**THE PROBLEM**
Where does the word "methods" show up in the records? Copy every line that has it.

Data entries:

____

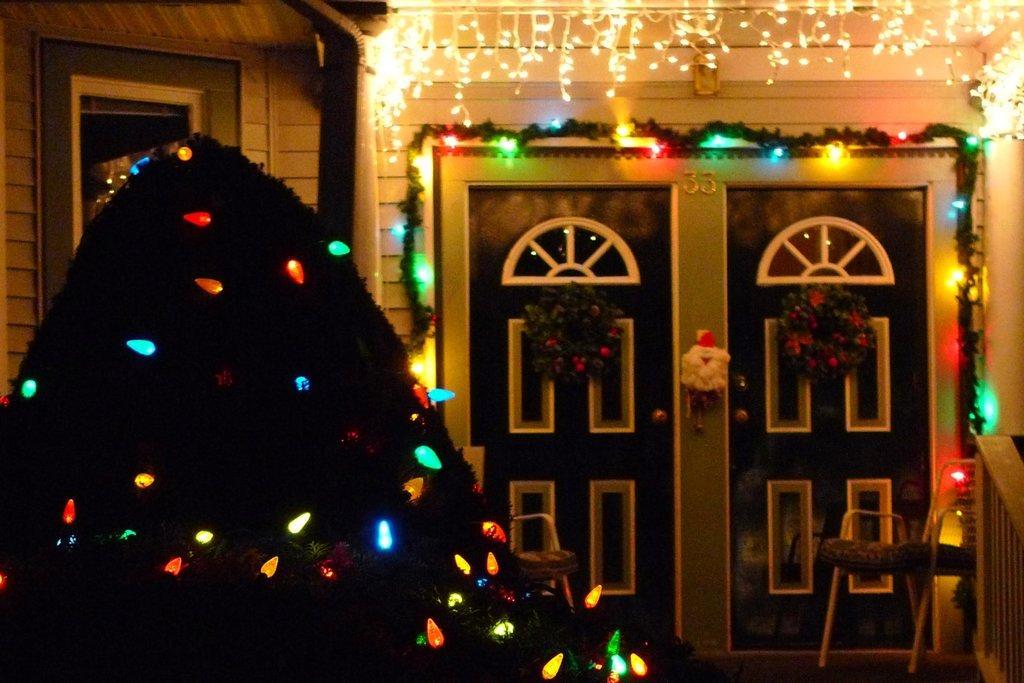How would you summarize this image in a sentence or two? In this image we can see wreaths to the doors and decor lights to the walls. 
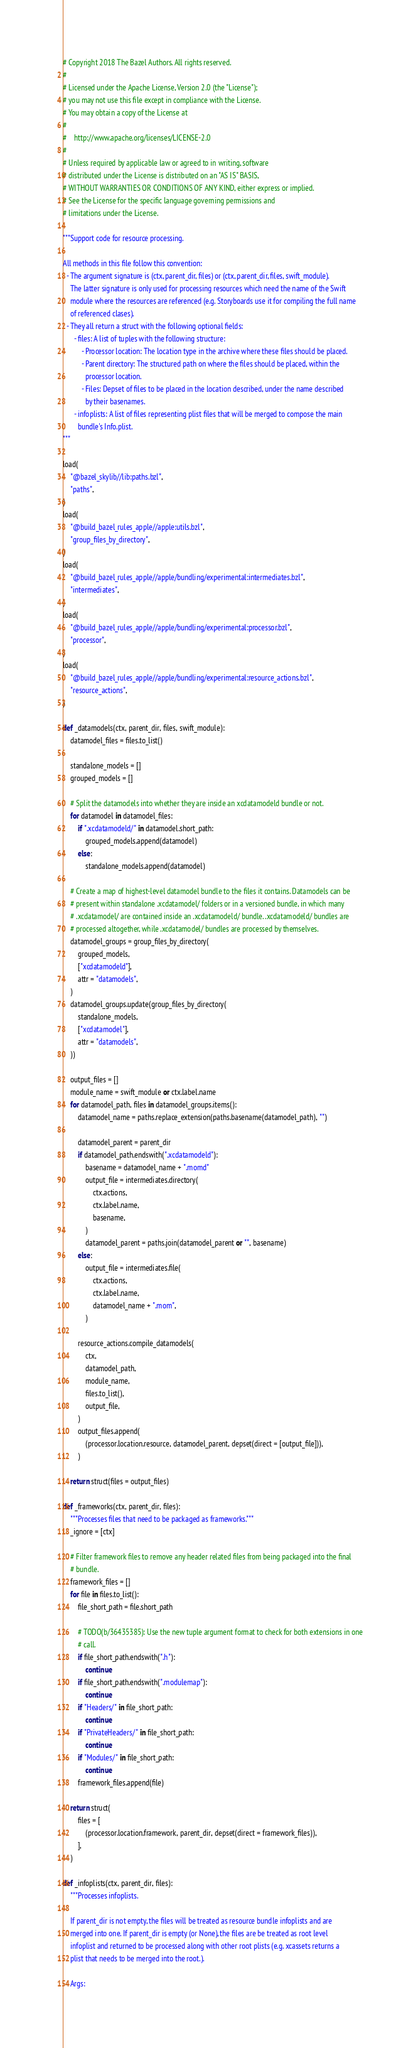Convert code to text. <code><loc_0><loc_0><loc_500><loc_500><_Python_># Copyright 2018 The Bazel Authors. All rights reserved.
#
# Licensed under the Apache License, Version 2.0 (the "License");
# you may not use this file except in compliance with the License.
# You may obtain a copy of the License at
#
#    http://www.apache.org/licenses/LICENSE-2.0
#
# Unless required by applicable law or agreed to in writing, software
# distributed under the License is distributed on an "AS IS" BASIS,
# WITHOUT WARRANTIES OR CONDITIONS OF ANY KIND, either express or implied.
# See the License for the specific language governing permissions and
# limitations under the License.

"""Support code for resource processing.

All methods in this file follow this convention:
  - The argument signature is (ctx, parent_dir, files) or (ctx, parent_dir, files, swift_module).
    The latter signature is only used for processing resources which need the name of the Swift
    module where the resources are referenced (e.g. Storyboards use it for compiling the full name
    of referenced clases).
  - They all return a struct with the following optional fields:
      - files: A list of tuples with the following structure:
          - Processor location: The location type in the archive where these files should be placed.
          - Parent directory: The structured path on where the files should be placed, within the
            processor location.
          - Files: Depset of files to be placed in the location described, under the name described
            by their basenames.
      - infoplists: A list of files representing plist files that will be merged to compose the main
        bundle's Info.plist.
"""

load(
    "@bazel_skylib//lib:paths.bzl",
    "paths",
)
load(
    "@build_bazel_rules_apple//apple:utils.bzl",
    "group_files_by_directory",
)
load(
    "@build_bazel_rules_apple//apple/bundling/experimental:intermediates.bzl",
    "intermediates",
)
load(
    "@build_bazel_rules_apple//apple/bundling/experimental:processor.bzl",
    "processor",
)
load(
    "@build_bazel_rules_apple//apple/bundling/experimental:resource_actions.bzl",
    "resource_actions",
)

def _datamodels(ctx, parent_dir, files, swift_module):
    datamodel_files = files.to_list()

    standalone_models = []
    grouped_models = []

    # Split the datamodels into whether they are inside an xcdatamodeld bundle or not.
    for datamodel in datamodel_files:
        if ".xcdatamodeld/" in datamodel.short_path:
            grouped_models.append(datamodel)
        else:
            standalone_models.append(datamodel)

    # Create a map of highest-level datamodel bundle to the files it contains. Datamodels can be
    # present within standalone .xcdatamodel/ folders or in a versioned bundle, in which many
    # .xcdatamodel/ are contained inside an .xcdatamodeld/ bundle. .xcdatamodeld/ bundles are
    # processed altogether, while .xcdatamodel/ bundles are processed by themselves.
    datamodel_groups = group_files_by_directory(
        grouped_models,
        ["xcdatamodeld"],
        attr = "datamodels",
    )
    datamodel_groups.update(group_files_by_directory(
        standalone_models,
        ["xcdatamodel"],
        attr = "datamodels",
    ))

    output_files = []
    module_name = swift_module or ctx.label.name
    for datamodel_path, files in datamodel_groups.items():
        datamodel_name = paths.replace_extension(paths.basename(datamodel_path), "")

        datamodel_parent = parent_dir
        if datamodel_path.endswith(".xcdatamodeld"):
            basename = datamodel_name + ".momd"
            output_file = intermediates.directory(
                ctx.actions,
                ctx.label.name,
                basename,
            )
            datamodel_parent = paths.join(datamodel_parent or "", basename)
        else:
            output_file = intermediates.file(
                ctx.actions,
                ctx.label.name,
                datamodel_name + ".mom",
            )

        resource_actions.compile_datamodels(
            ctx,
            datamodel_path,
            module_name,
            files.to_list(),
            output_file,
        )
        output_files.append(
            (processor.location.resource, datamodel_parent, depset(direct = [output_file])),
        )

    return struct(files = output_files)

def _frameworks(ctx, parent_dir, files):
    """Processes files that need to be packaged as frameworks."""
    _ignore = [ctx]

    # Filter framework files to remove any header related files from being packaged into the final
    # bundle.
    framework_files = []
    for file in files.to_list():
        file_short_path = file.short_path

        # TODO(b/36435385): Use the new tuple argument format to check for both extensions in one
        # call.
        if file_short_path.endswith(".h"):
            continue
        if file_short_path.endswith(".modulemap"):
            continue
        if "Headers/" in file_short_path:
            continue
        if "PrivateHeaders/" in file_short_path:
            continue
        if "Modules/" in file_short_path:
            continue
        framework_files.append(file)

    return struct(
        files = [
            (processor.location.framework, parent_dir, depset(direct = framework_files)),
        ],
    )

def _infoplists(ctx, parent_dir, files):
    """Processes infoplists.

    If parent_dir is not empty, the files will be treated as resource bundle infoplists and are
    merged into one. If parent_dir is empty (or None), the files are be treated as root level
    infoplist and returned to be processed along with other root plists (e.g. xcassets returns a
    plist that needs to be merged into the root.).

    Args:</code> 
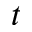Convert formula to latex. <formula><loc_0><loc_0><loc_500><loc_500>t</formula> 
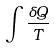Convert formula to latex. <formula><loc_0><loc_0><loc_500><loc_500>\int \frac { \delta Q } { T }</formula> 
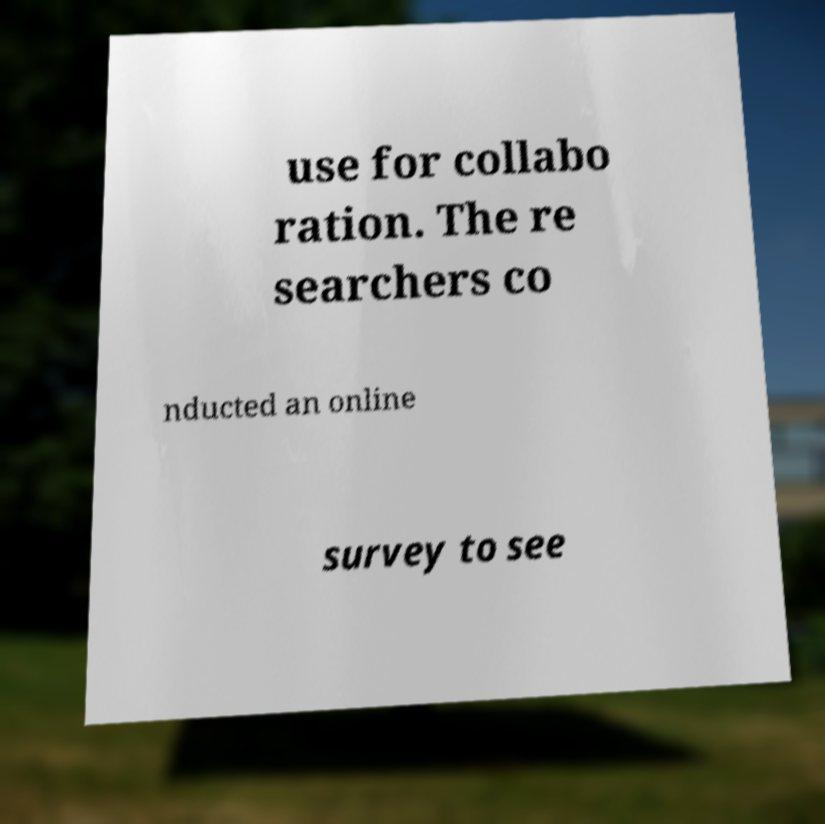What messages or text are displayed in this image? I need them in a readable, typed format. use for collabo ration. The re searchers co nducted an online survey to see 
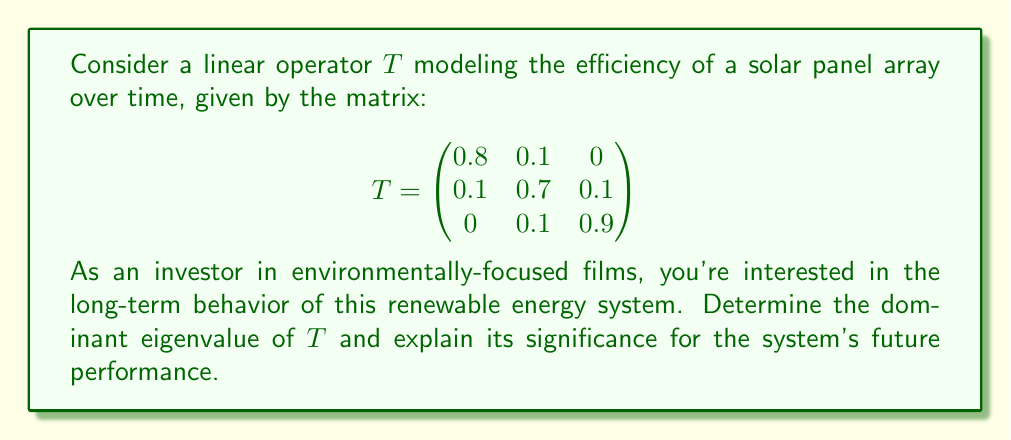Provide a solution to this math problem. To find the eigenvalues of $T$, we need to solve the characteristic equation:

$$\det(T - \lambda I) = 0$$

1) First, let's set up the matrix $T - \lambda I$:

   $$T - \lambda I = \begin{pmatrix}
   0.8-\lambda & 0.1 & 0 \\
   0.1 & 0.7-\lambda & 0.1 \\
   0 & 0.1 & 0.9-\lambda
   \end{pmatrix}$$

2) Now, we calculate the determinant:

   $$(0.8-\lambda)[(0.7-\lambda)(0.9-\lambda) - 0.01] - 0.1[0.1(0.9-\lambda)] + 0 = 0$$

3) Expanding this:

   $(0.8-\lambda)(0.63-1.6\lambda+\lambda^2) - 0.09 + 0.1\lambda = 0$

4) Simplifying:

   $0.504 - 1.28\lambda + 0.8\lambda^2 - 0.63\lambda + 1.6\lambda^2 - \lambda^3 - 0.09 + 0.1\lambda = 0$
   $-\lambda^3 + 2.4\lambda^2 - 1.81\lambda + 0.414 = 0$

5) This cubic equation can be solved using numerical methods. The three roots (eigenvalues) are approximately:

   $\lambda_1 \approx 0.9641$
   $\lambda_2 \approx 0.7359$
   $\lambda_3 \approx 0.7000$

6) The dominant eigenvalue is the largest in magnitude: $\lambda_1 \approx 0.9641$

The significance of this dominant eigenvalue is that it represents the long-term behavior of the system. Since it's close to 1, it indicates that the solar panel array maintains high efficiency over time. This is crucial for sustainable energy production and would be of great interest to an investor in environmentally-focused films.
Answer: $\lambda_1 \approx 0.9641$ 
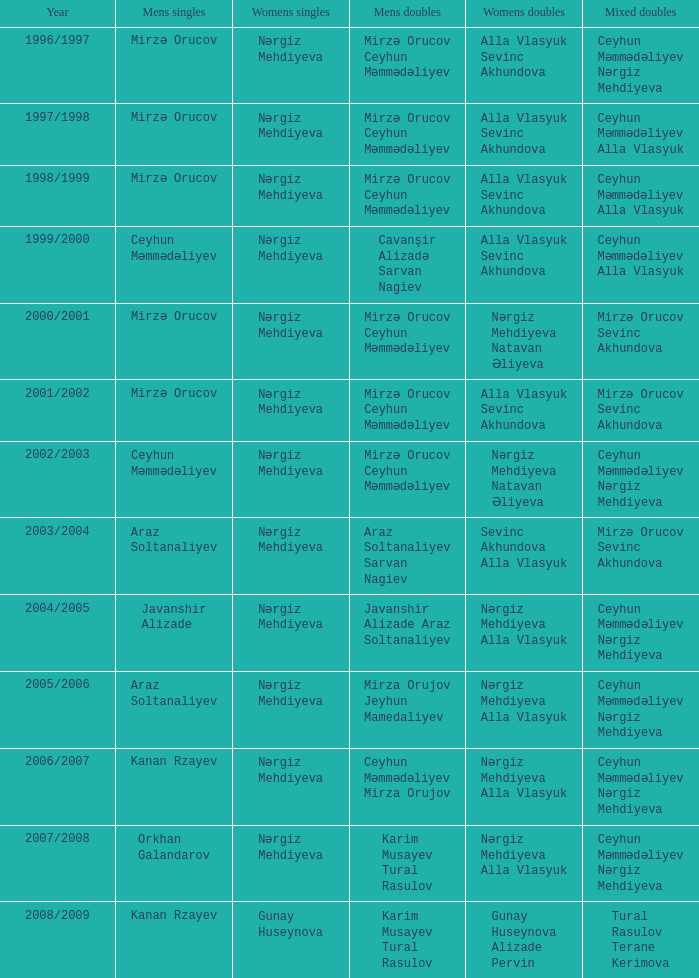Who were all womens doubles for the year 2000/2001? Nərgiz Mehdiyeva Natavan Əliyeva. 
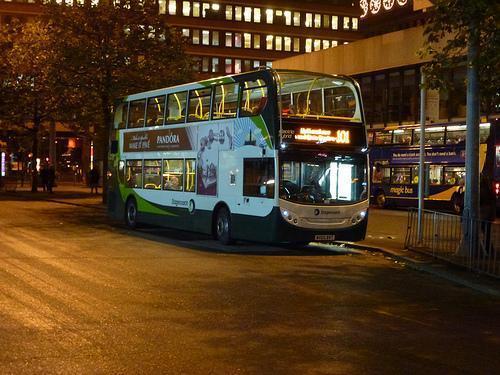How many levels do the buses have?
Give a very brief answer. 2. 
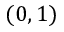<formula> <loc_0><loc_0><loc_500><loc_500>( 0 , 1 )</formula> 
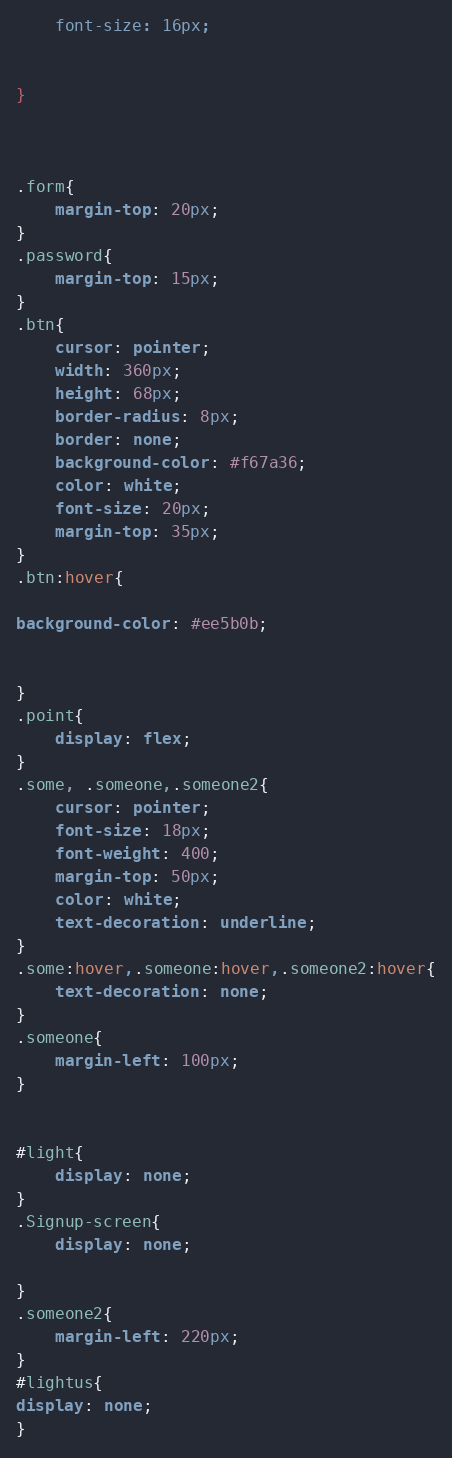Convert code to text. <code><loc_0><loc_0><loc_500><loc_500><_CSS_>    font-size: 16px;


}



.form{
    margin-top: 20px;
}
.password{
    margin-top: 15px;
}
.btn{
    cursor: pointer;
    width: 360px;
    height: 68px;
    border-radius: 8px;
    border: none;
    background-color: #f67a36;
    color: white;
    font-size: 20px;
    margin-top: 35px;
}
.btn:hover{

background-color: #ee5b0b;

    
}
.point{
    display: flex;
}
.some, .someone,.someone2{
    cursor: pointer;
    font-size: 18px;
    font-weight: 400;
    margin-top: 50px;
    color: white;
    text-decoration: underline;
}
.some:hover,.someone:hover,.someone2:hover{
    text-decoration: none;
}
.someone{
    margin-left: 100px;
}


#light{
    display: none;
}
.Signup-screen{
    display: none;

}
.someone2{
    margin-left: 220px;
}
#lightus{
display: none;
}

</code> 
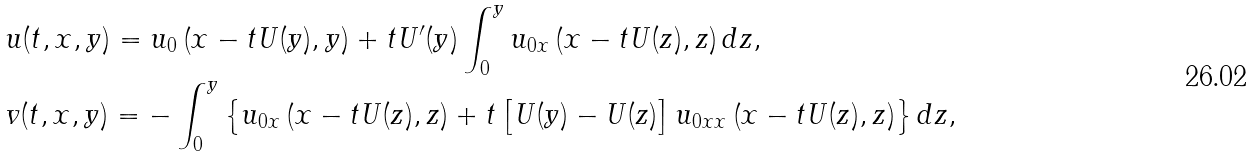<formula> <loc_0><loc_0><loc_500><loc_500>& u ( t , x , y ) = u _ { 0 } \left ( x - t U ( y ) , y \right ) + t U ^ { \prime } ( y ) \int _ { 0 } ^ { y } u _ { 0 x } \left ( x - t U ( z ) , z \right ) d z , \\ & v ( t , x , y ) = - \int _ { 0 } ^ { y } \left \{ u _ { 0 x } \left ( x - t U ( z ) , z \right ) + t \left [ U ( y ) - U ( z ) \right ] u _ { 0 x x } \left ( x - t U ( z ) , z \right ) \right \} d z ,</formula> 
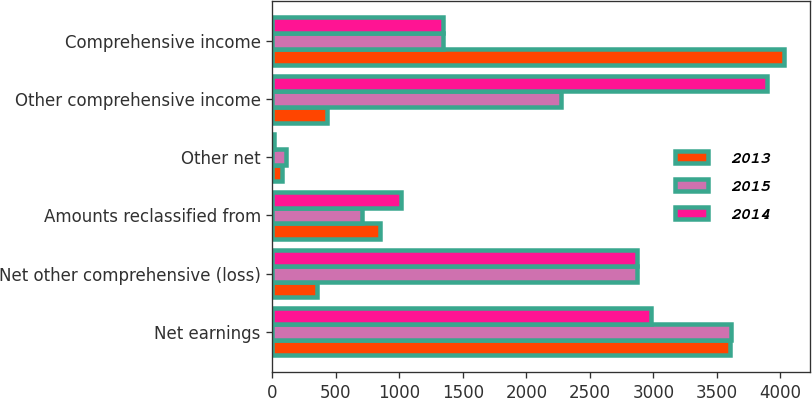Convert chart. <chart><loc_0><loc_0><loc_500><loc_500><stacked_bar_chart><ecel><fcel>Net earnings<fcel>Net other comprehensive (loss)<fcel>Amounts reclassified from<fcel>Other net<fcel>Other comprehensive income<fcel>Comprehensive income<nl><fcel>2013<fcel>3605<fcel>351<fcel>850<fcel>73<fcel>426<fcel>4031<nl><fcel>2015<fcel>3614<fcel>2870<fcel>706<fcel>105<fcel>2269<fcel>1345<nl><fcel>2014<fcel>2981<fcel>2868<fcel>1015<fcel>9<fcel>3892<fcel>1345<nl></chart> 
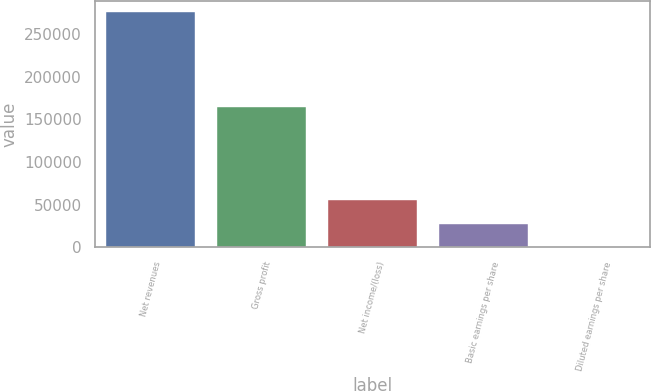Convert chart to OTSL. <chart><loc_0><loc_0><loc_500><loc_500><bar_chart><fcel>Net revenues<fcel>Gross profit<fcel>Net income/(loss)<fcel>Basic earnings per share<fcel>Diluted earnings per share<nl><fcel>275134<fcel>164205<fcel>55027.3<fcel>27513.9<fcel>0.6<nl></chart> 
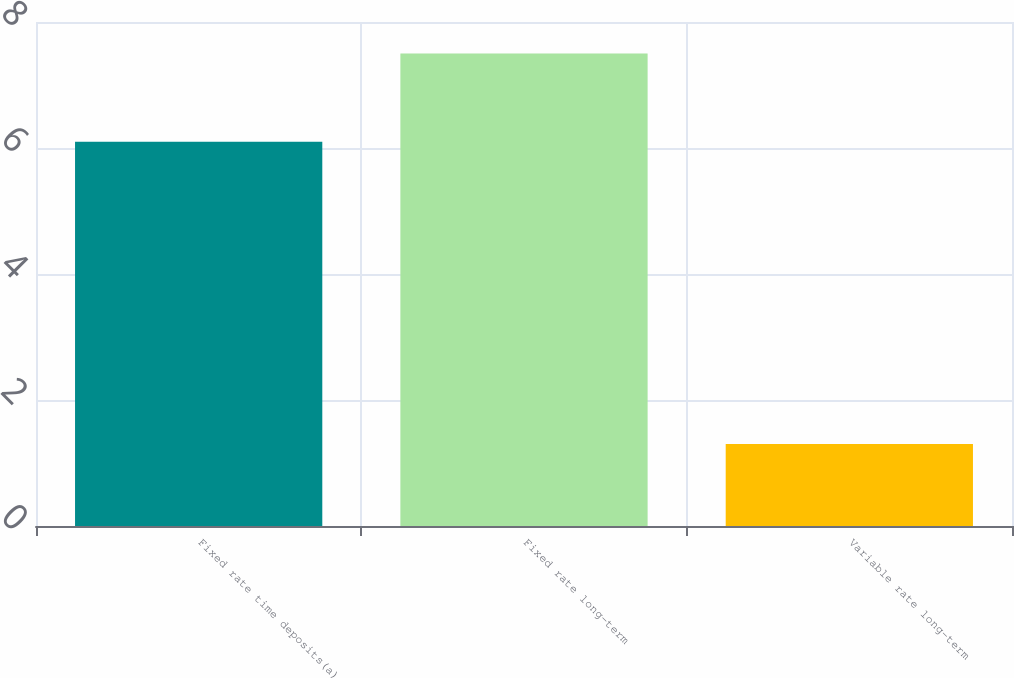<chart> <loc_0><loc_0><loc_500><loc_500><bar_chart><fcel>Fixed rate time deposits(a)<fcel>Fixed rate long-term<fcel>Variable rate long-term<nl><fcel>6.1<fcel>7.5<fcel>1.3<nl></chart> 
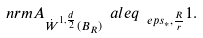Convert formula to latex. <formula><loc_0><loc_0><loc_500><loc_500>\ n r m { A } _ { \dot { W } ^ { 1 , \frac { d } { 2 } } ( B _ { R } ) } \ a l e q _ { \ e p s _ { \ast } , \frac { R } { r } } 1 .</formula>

____

**WRITTEN SOLUTION**
All methods in this file follow this convention:
5) This cubic equation can be solved using numerical methods. The three roots (eigenvalues) are approximately:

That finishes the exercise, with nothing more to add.